El escenario tiene 716,5 metros cuadrados de tierra roja. Está en el Bois de Boulogne en París. El propietario se llama Rafael Nadal Parera, tenista de 32 años. Un campeón estratosférico que ayer levantó por undécima vez la Copa de los Mosqueteros y que desde el 2005 no ha perdido una final en la central Philippe Chatrier. El último en intentarlo, Dominic Thiem, austriaco de 24 años, se marchó de la centenaria central que mañana derruirán tras sufrir un duro correctivo( 6-4, 6-3 , 6-2) a manos de un indestructible campeón que dio una nueva exhibición y anunció que le queda cuerda para rato.

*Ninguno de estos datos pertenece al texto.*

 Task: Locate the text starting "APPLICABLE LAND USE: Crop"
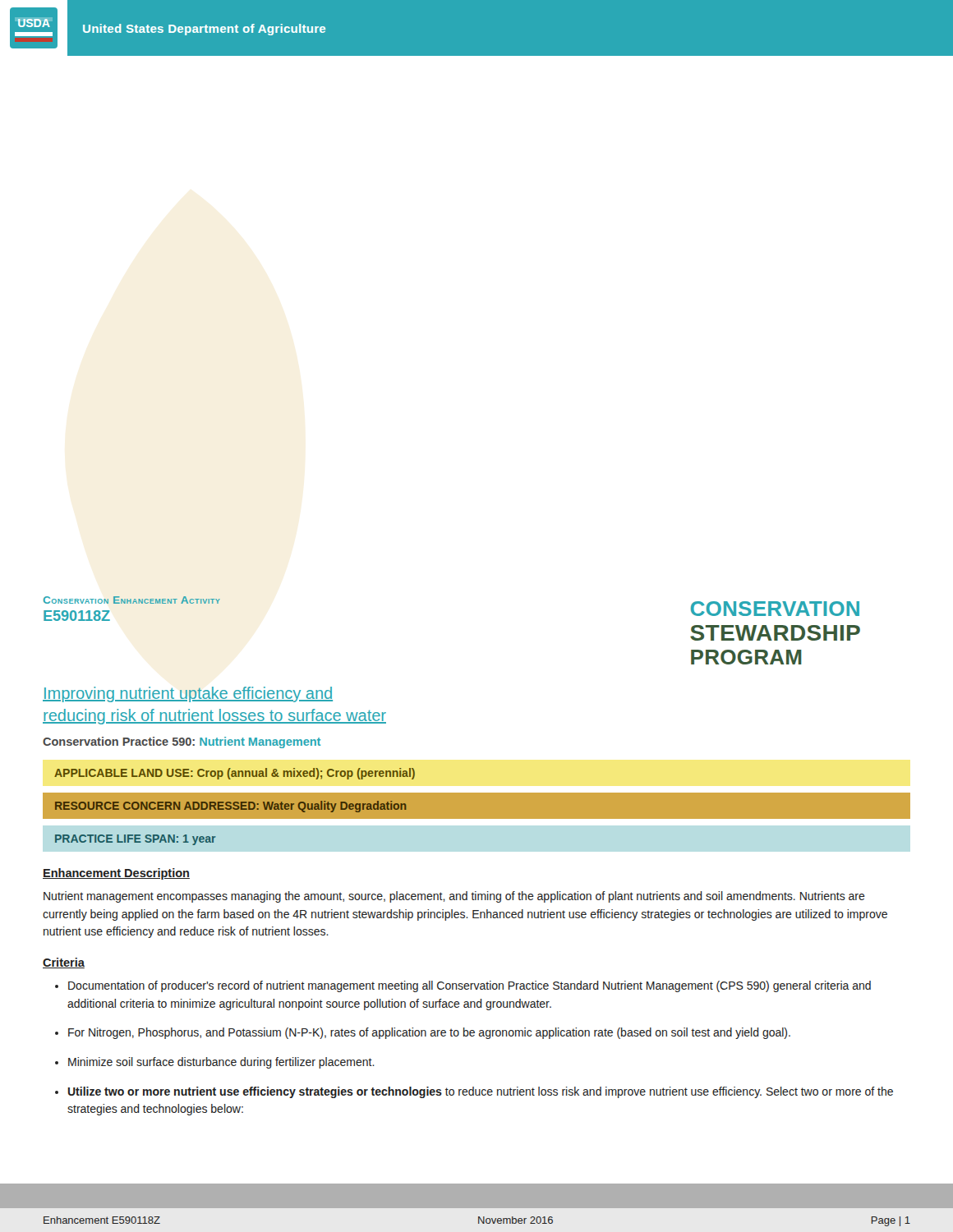235,774

«La victoria pertenece al más obstinado» era el lema del legendario piloto francés Roland Garros al que ayer, antes de la final, se rindió homenaje en el centenario de su muerte. Su máxima la podría haber firmado el mismo Nadal. Nadie es más obstinado que él para superar contratiempos y buscar la victoria como si la vida le fuera en ello. Así ha escrito su leyenda. Y ayer volvió a hacerlo. El programa oficial del torneo anunciaba la final preguntándose en la portada «¿Cambio de poder?». Parece que no conocen a Nadal, pero, por si acaso, el campeón demostró de salida que no quería sustos. Tenía un respeto máximo a Thiem.

EL PLAN DE THIEM NO FUNCIONÓ / Nadal no quería sorpresa como en otros partidos y ya desde el primer punto usó la máxima presión. En cinco minutos tenía el 2-0 y Thiem solo había ganado un punto de seis. Su plan funcionaba; el austriaco, que dijo que tenía uno «para ganar a Nadal», no parecía poder emplearlo ante la presión a la que le sometía el número 1 del mundo manteniéndolo a cinco metros de la línea de fondo y machacándole el revés, una y otra vez.

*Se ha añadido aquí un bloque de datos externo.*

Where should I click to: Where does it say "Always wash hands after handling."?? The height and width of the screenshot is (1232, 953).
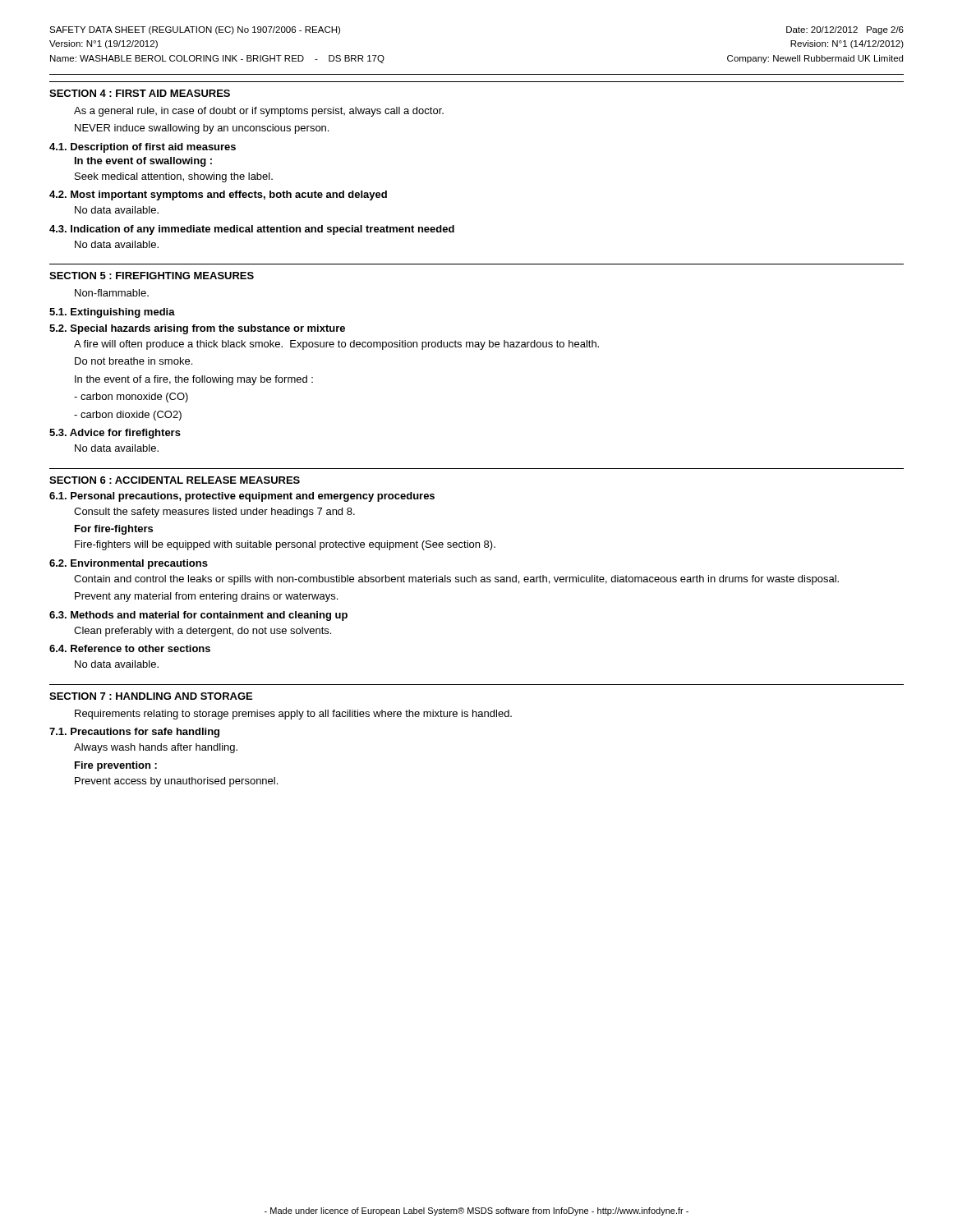pyautogui.click(x=156, y=747)

Thiem capeó el 3-0 como pudo y rompió el saque de Nadal para igualar el marcador (3-3). Parecía que el austriaco reaccionaba y, con esfuerzos sobrehumanos y mucho riesgo, mantenía el pulso. Pero en el momento decisivo para dilucidar el set todo su trabajo y esfuerzo se vino abajo. Titubeó y tres errores no forzados le costaron el saque y el set tras 57 minutos. Nadal le obligó a jugar al límite cada bola. Cuando más dificil era la situación, el manacorí sacaba un golpe imposible de su Babolat, ahora una dejada inesperada, después un globo imposible, un passing que limpiaba la línea o una bola que caía a peso muerto, sin respuesta. Un tormento. Puntos que valían por dos, por la frustración y desesperación del austriaco. En esos momentos la montaña se hace difícil de escalar para cualquiera que sea humano, aunque se llame Thiem y esté entrenado en las fuerzas especiales austriacas. «Cuando has perdido un set y vas 3-0 abajo solo ves a Nadal delante tuyo, ves sus 10 Roland Garros y, detrás, a toda su gran familia, que parecen muchos más», decía Juan Carlos Ferrero, campeón del 2003.

LA MANO DORMIDA / Con el plan a en la papelera y el plan b fulminado por Nadal, a Thiem solo le quedaba empezar a «rezar», como había dicho su entrenador Galo Blanco en la víspera. «Confiar que Nadal no tenga su mejor día». Pero eso en una final, y especialmente en Roland Garros, nunca va a misa. Nadal no dio opción a pesar de que se asustó en el tercer set (3-1), cuando se le dormía su mano izquierda y tuvo que ser tratado en la pista, quitándole el vendaje compresivo que llevaba y haciéndole masajes porque se le dormían los dedos. Ya había tenido problemas en el partido contra Diego Schwartzman. Dijo que era por la humedad y que las muñequeras le resbalaban.

«Quedaba tan poco. Habría sido terrible, una tragedia», admitía Toni Nadal, que se sentó en su silla del palco como en los viejos tiempos. «Me lo ha pedido Moyá», explicó. «Yo ahora soy su tío, no su entrenador». Aunque su voz resonó todo el partido en la Chatrier. No hubo tragedia. Tras 2 horas y 42 minutos, Nadal levantó los brazos al cielo. La undécima se va para Manacor y él sigue siendo el mejor de la tierra. La historia interminable continúa.